Importantly, Dickens was part of the migration of mountain music to the eastern seaboard, one of thousands who moved from rural communities in search of work and bringing with them the music of their home counties. She championed the music, keeping it at the fore of not only her own life but communicating a relevancy with which the urban community could connect.

That she has written some of the finest bluegrass songs is without challenge. These songs have advanced the cause of women and the working poor in immeasurable ways, bringing strength and dignity to places and circumstances where such was often in short supply. Dickens never shied away from subject matter that some would avoid, be they the protagonists of “It’s Hard to Tell the Singer From the Song” and “Don’t Put Her Down, You Helped Put Her There,” the conditions of the mines (“Mannington Mine Disaster,”) or detailing the impact of miner organization in “The Yablonski Murder.”

So powerful is the Hazel Dickens catalogue that none of these essential songs found their way onto this collection from Laurie Lewis & the Right Hands. And, while they are noticeably absent, they are not missed.

Hazel Dickens left a legacy in song.

And Alice.

Alice Gerrard is one of the living legends of bluegrass music; combined with her decades of recording and performing old-time and folk music, Gerrard has a stout resume that is as varied and dynamic as any you can mention. When Gerrard has completed a song, it has truly been sung. I am so glad that she remains a formidable and important element within folk music. While Gerrard has an extensive resume as a recording artist within several different configurations, as a guardian of old-time music, as founder and past editor-in-chief of The Old-Time Herald, and as a touring musician, she has recorded as a ‘solo’ artist only intermittently.

1994’s beautiful Pieces of My Heart and 2004’s equally resonant Calling Me Home: Songs of Love and Loss appeared on the Copper Creek label. As on those recordings, Gerrard’s voice on her contemporary releases (Bittersweet, Follow Me Home) is pure and powerful: Gerrard’s voice is multi-dimensional, and as Lee Smith wrote two decades ago, she can sing anything: “holler, shout, belt it out, swing a little, croon a little, and then flat-out break your heart.

My appreciation for Alice Gerrard is as firm as my admiration of Hazel Dickens. Together, they were incredible.

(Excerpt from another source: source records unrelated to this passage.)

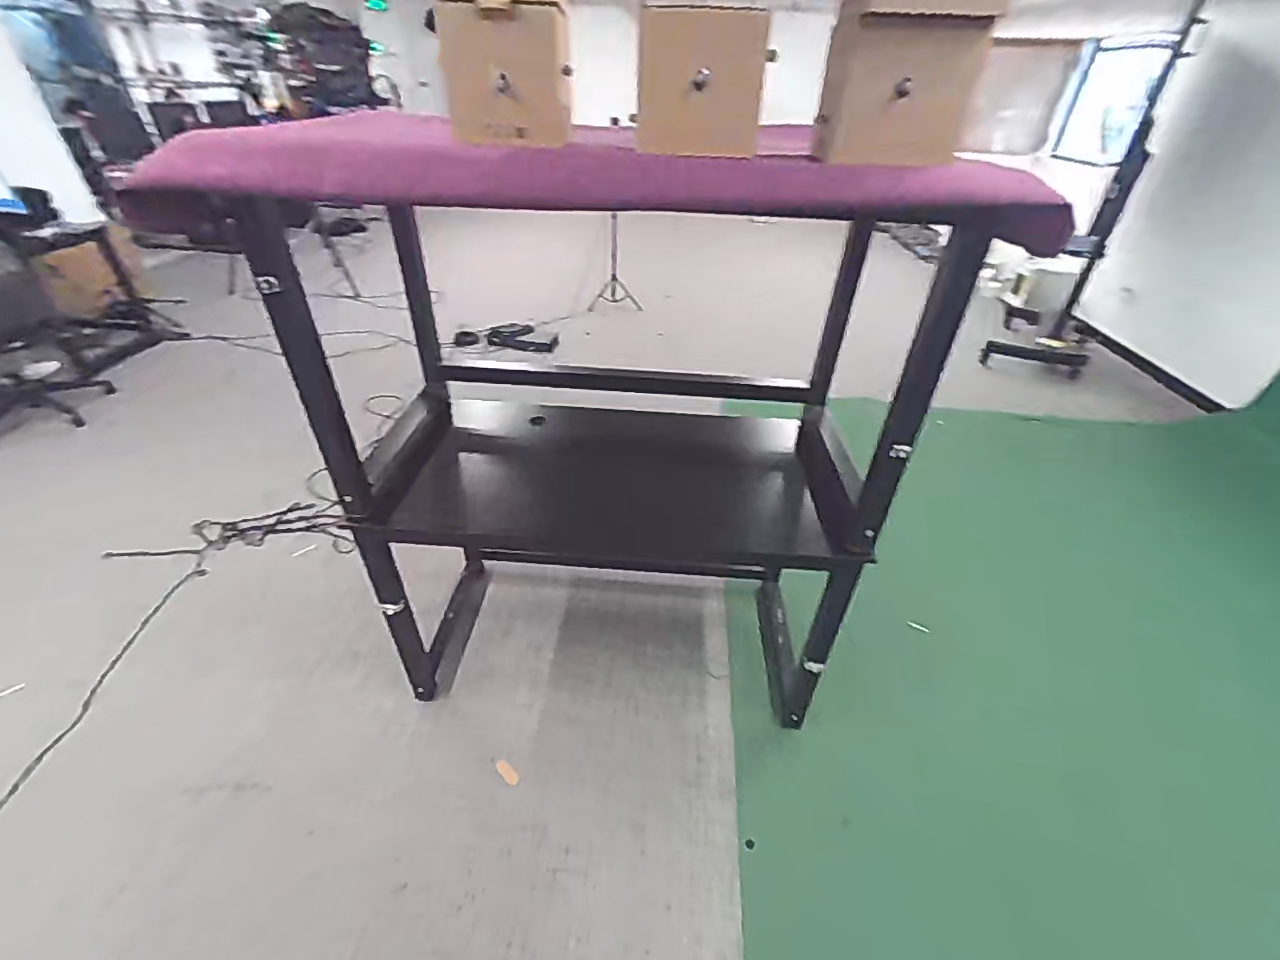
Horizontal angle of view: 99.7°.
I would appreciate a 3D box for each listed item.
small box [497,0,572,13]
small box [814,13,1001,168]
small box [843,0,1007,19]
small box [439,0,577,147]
[{"bbox_3d":[-0.181,-0.749,0.734,0.168,0.176,0.179,0,34,-3],"label":"small box"},{"bbox_3d":[0.370,-0.562,0.787,0.179,0.176,0.168,3,36,4],"label":"small box"},{"bbox_3d":[0.375,-0.681,0.672,0.179,0.176,0.168,3,36,3],"label":"small box"},{"bbox_3d":[-0.188,-0.618,0.832,0.168,0.176,0.179,2,36,-1],"label":"small box"}]

Well-documented elsewhere, Hazel and Alice met and began singing at Washington, DC/Baltimore house parties, moving onto coffeehouse performances within a burgeoning bluegrass environment. Their collaborative recording output—four albums as a duo as well as a fifth as the Strange Creek Singers with Mike Seeger and Tracy Schwarz—was limited, but highly significant and exceedingly impressive.

One of their greatest admirers is Laurie Lewis. Like many of us, upon first hearing Dickens and Gerrard, Lewis realized that the hard side of bluegrass need not be the domain of men. Laurie Lewis is no newcomer to bluegrass music, having played almost every festival there is and having recorded excellent albums over the years, The Golden West and Laurie Lewis & Her Bluegrass Pals being just two. However, she has never narrowed her field and has recorded some of the finest folk-inspired music of the past three decades, among them her incredible collaborations with Tom Rozum The Oak and the Laurel and the under-heralded Guest House. Her wide-ranging tribute to Bill Monroe (Skippin’ and Flyin’) was one of 2011’s finest bluegrass albums, and possibly the strongest Monroe tribute released since the bluegrass master’s death.

Lewis has always been versatile, performing as a duo with Rozum or leading a full-fledged bluegrass band with equal effectiveness and charisma. As a musician, she is frequently called on to provide session fiddle and vocal performances and to augment an established group. In a one week period years back I saw her with Kathy Kallick- a frequent singing partner- in a Red Deer bluegrass setting and the next weekend filling in with Dave Alvin’s hard-hitting Guilty Women at Hardly Strictly.

She has at least one signature song, “Who Will Watch the Home Place?” Kate Long’s exceptional song awarded the IBMA’s Song of the Year award in 1994. She has also been awarded the same organization’s Female Vocalist of the Year award twice and has been nominated frequently.

Like Hazel & Alice, Laurie Lewis is bonafide.

I’m told that Laurie Lewis has, with others, led the charge to have Hazel and Alice inducted into the IBMA Hall of Fame. Unfortunately, that induction hasn’t yet happened. One wonders, why?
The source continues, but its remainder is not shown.